I agree with Mike above. Elevado and Carmelita will be default residential streets…which means Norma Triangle (specifically Cynthia St) will become a bigger nightmare.

Josh Kurpies
Josh Kurpies
3 years ago

Robert Muniz, I do not know for sure, but I believe you may be mistaken about Metro owning the public parking garages along the south side of Santa Monica Boulevard. I attended most of the hearings during the BH City Council deliberations on this matter and those garages were often discussed, but I was given the impression that they were privately owned and not owned by the City or any other government agency. Please clarify if I am misunderstanding. Thanks!

Robert Muniz
3 years ago

Amazing, no traffic flow improvements but spending the money anyway. Why bother. They’ve fought doing the work for 20 years because the residents along the parkway don’t want the cars any closer to their homes. Those city parking garages are actually owned by Metro, they should be torn down and the street expanded if they don’t want to give up some of their precious green space (read land that keeps the undesirables further from my house).

Mike
Mike
3 years ago

Looks like Elevado and Carmelita will get a lot more traffic.

WeHo Resident
WeHo Resident
3 years ago

This will have a major impact on folks who take buses through/to Bev Hills.

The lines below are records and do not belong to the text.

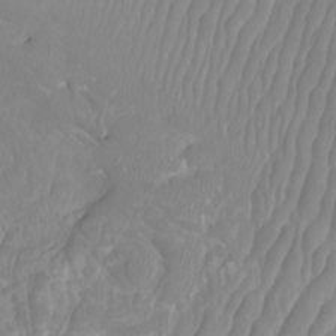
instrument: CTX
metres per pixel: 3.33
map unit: Htu
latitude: -9.6344
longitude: -74.9136
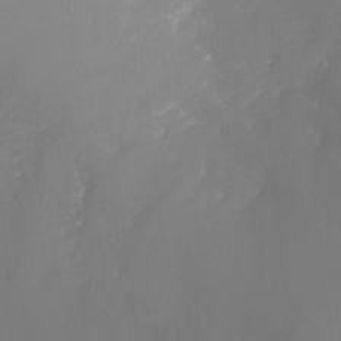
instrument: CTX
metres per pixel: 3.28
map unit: Nhu
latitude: -26.0661
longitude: -57.3670
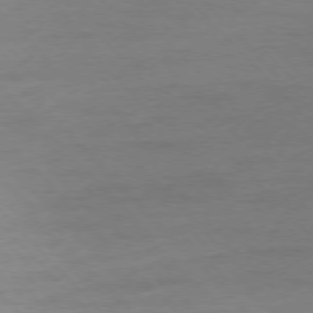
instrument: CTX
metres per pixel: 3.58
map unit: Ap
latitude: -77.1431
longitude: -93.0836
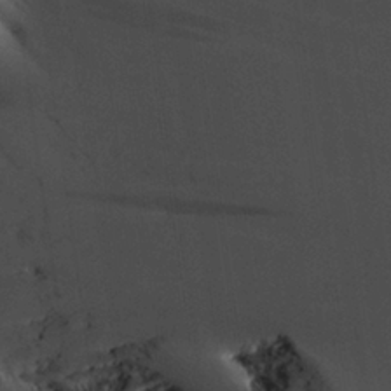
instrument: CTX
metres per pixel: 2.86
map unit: Aa
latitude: 27.8395
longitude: -135.7638
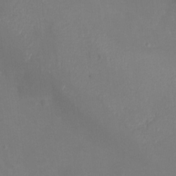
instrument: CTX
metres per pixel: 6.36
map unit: Nhu
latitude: -27.9745
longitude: -58.7813
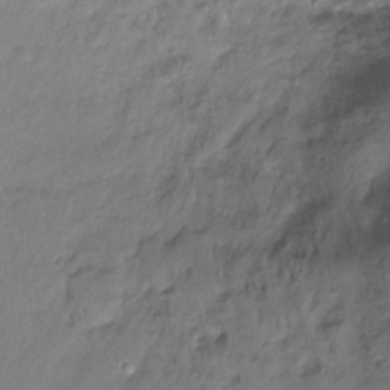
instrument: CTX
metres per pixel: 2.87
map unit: Htu
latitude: -14.8975
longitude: -45.2159
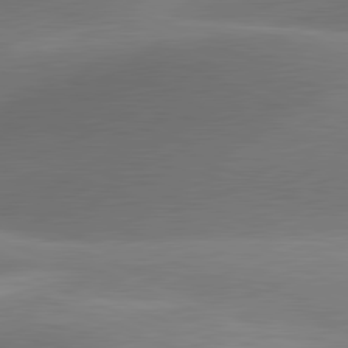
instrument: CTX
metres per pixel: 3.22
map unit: lApd
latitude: 81.2726
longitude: 129.8045
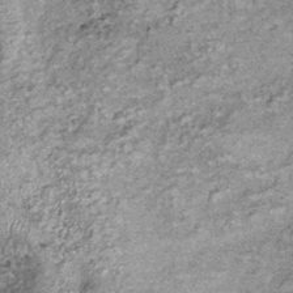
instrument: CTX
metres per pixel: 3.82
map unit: lHb
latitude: -36.6707
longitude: 67.9745

It will affect at least 5 major lines. I work in Century City and this will at least double my commute time – which is already an hour going home to WeHo, even with leaving work at 4:30. Of course, Metro doesn’t have the common sense (or consideration for passengers) to draw up a contingency plan to avoid the gridlock this will cause.

Creative One
Creative One
3 years ago

@ J Simmons

The subway dig runs under BH High School, not SMB. Courts have rejected Beverly Hills request to have the line routed under SMB. Besides, all subway construction (except around stations) is tunnel-bored, not cut/cover — little disruption to surface street.

oceanbreeze
oceanbreeze
3 years ago

Beverly Hills is 100% bass ackwards on this one, as usual. They are so worried about criminals on bikes. Cars are going to decline as a transportation mode in the coming years so we need to be forward thinking.

kayaytche
kayaytche
3 years ago

I echo the frustrations above. BH is really showing its true colors by not replacing the “parkland” with extra car and bike lanes. It’s a shame that the city can’t be overruled by the county or LA or some other governing body.

Ben McCormick
Ben McCormick
3 years ago

I agree with Lynn. Any major roadway reconstruction project that does not include bike lanes is selfish and short-sighted!

J Simmons
J Simmons
3 years ago

If I’m not mistaken, the line runs west on Wilshire to Sa.ta Monica Blvd. Then it “turns” onto SMB only after the Wilshire crossing. Thus I won’t go down smb from weho to Wilshire, so that median and extra lane idea is moot to the subway dig plan.

Robert Switzer
Robert Switzer
3 years ago

Just as West Hollywood’s reconstruction of the portion of Santa Monica Boulevard within its borders disrupted traffic and business for more than a year, we have no chice but to suffer through the work by Beverly Hills on its segment. As our street infrastructure ages, the reality is that there will be more resurfacing disruptions elsewhere.

Lynn
Lynn
3 years ago

Really? No bike lines? That’s a major thoroughfare for anyone travelling from West Hollywood to Beverly Hills and Westwood. Even though it’s very flat and direct (perfect for biking), it’s currently very dangerous for bikers. We shouldn’t be expanding capabilities for drivers, we should be thinking about alternate transportation options and relieving congestion.